In the circulation mode, the workload of the pump 2 can be reduced because the delivery pressure of the pump 2 decreases. For that reason, the energy consumed by the hydraulic pressure supply device can be reduced.

By the way, in the circulation mode, when the energy of the hydraulic pressure of the downstream side first connecting line 11b and accumulator 3 is consumed by the hydraulic pressure system and the hydraulic pressure of the downstream side first connecting line 11b becomes the first return pressure which is the pressure below the first pressure again, the spring 52c pushes the piston 52b back and returns to supply mode (see FIG. 2).
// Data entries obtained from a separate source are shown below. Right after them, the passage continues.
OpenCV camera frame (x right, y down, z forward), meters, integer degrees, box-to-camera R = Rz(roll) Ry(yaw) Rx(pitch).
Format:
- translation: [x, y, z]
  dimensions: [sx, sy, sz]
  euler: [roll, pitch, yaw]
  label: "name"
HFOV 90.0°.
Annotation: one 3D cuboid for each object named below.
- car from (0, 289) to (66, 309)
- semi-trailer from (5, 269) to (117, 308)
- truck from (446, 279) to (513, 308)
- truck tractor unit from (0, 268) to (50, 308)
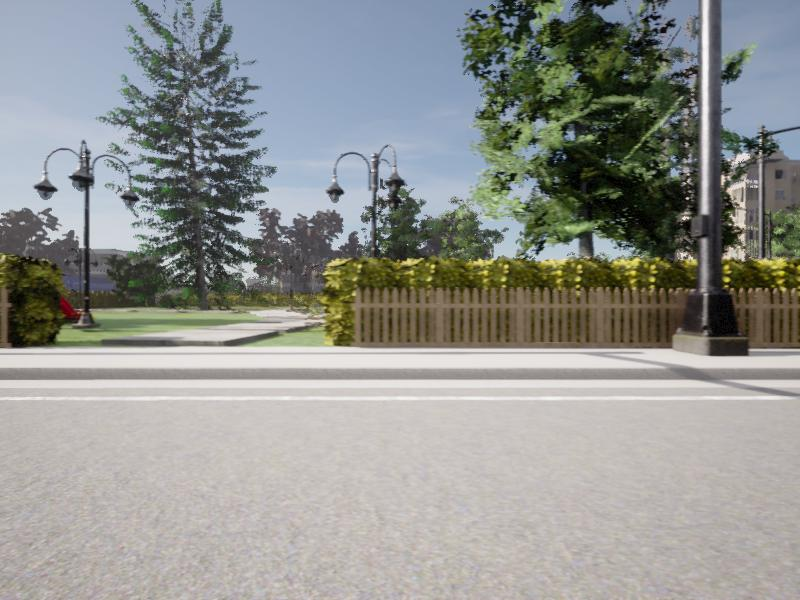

In the circulation mode, by not stopping the pump 2, the hydraulic pressure in the downstream side first connecting line 11b can be increased instantly after the hydraulic pressure in the downstream side first connecting line 11b decreases.

The hydraulic pressure of the downstream side first connecting line 11b when returning from the circulation mode to the supply mode, i.e., the first return pressure, can be adjusted by the spring constant of the spring 52c, but the hysteresis between spring 52c and piston 52b results in a first return pressure that is less than the first pressure (see FIG. 2).

The series of operations of the valve device 5, i.e., switching between the circulation mode and the supply mode, is automatically performed by the energy of the hydraulic pressure. In other words, this embodiment does not require a solenoid valve to switch between the circulation mode and the supply mode, and therefore does not require electrical wiring or control mechanisms.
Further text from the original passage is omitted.